# [SOLVED] (Resolved) Nvidia GeForce FX 5200 on Vista driver error



## KamikazeX (Jul 13, 2005)

When i put in my Geforce FX 5200 and put in the PNY FX5200 Driver Installation CD it successful installed...but then proceeded to give me a blue screen 15 seconds later saying its going to shut down to prevent any error. when i reboot...15 seconds in the blue screen pops out again saying its going to shut down to prevent any errors...soo the only way the error message would go away would be to go back and use onboard....now every time it boots up it says one of the VGA doesnt work.

i went to device manager and clicked on FX 5200 and it said "Windows has stopped this device because it has reported problems. (Code 43)

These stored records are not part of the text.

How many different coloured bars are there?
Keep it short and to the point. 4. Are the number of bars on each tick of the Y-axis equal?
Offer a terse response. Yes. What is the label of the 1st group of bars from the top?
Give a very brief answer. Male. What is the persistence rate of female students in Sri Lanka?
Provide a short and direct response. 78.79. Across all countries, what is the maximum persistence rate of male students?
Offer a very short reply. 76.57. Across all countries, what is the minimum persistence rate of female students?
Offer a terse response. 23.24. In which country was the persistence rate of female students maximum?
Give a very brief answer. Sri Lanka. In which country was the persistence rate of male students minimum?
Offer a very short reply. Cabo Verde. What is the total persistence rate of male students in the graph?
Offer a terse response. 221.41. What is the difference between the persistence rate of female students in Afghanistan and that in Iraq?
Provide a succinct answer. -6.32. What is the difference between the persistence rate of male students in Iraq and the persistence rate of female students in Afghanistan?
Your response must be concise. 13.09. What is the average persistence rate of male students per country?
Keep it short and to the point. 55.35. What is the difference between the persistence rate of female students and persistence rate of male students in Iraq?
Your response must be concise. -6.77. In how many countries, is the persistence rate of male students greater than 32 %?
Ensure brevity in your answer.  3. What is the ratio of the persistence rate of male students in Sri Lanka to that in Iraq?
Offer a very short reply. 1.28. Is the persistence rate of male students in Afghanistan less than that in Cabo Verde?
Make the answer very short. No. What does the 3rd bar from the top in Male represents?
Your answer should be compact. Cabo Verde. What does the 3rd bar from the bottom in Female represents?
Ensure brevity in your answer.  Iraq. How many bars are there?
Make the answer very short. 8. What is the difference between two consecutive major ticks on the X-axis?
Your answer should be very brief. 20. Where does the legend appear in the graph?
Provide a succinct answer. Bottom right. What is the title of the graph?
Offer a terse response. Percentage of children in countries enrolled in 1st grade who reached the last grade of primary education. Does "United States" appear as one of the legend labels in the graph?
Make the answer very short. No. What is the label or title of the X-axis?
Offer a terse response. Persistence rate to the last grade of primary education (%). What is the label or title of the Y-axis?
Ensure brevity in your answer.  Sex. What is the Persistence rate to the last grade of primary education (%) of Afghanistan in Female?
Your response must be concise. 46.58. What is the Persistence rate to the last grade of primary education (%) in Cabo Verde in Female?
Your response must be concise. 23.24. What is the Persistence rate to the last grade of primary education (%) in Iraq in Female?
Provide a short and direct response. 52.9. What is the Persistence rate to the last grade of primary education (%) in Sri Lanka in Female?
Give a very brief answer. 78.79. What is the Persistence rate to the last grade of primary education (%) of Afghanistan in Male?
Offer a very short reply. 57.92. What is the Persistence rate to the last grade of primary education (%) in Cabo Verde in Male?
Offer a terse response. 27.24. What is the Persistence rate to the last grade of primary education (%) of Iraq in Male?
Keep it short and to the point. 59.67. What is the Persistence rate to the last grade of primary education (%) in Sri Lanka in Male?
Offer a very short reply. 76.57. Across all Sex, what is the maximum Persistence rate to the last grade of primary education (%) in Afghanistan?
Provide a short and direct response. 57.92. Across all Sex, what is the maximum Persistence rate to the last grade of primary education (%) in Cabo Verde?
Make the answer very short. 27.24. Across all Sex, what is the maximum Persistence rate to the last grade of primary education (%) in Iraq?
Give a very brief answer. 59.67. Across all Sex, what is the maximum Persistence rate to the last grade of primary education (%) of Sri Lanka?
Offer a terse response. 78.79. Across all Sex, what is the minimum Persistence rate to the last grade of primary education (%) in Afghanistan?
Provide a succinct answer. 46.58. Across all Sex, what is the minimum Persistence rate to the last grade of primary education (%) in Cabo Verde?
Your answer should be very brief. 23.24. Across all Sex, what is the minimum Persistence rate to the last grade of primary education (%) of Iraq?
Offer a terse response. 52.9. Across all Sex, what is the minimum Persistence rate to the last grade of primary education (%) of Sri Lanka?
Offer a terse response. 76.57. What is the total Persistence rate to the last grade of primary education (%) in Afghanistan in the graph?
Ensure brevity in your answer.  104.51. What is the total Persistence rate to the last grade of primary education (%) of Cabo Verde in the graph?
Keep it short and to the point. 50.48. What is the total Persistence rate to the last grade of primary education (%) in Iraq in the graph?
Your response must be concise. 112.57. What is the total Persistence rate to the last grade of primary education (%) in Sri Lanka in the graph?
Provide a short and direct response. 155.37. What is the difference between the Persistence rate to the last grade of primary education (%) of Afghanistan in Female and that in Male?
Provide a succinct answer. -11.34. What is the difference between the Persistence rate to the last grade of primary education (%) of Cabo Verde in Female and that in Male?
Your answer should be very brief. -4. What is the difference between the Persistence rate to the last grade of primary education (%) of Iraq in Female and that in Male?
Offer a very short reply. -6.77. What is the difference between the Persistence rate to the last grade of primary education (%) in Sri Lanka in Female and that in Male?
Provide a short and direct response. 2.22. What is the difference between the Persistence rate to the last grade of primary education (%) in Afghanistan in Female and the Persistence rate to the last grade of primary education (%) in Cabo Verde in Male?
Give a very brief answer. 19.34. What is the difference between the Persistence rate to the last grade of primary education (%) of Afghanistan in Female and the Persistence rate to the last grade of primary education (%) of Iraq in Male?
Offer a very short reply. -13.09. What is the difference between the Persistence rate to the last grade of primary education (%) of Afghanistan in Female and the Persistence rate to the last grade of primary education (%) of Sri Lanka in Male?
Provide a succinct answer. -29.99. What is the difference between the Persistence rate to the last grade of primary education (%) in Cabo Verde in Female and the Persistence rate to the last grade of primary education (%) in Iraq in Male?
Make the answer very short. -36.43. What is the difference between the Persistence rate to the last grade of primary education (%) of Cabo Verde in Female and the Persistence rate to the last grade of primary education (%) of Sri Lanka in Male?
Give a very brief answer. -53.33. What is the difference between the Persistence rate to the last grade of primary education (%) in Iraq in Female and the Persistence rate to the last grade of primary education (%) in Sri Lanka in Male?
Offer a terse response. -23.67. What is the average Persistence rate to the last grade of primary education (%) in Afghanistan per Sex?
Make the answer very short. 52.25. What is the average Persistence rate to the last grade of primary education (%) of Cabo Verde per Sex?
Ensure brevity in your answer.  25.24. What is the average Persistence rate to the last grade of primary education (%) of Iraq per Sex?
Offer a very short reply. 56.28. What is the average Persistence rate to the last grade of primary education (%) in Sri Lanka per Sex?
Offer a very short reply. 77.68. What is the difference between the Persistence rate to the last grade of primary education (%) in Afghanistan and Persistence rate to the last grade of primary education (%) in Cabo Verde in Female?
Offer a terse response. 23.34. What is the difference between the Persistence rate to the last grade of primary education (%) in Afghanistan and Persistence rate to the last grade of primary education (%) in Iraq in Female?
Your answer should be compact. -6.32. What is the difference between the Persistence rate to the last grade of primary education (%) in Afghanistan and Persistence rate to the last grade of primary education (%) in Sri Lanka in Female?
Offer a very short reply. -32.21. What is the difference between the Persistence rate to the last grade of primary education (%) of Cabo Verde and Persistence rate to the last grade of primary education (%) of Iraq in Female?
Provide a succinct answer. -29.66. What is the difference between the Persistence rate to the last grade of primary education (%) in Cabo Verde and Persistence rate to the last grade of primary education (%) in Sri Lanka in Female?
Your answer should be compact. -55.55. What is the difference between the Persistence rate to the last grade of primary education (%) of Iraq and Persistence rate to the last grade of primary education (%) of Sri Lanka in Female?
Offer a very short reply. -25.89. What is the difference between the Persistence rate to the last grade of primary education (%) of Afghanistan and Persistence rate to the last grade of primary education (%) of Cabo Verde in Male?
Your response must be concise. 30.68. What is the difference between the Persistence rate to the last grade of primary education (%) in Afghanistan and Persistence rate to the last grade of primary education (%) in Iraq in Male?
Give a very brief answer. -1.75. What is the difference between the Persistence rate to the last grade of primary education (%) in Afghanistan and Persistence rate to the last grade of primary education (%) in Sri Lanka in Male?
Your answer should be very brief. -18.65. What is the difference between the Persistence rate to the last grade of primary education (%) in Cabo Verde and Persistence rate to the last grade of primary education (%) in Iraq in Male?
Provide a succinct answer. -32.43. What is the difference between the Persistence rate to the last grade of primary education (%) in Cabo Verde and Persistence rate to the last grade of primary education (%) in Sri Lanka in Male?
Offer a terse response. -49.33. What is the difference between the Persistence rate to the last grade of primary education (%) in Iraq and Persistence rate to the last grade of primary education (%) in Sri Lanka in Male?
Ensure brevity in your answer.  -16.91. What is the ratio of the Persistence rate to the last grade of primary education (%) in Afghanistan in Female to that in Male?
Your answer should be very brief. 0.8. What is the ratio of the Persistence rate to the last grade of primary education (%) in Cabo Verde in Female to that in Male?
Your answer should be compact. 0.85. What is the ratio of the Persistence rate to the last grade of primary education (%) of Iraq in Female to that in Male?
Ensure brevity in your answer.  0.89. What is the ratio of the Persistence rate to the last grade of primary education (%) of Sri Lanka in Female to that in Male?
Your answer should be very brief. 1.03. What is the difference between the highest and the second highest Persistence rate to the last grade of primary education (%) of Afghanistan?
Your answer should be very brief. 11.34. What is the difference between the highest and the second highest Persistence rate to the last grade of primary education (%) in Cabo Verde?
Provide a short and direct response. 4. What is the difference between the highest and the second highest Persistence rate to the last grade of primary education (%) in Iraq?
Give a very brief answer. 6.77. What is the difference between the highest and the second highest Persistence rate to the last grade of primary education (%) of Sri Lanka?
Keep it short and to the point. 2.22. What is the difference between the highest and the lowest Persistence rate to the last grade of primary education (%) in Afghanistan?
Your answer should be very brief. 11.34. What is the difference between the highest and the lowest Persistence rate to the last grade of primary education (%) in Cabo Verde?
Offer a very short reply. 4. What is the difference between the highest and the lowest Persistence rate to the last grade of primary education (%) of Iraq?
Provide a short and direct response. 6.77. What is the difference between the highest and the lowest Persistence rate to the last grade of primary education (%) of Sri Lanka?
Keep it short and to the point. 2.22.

Click 'Check for solutions' to send data about this device to Microsoft and to see if there is a solution available."
So...i proceeded to click "update driver" and "search automatically online" and it failed. 
help anyone?:sigh:


----------



## sinclair_tm (Mar 11, 2005)

have you tried downloading and installing nvidia's vista driver yet, from nvidia?


----------



## dai (Jul 2, 2004)

i think the newer drivers only support ver.6,7 and 8 cards,you need to check before d/ling


----------



## kodi (Jun 30, 2004)

My 5200 works in Vista with the XP drivers as there was no vista drivers when beta 2 came out.


----------



## KamikazeX (Jul 13, 2005)

where could i get the xp drivers? because the drivers that came with the disc doesnt work


----------



## Doby (Jan 17, 2006)

http://www.nvidia.com/object/winxp_2k_93.71.html

Thats the latest *XP driver* for the FX 5200, there are older versions of this driver avlable as well but I suspect thats whats on your cd that won't work.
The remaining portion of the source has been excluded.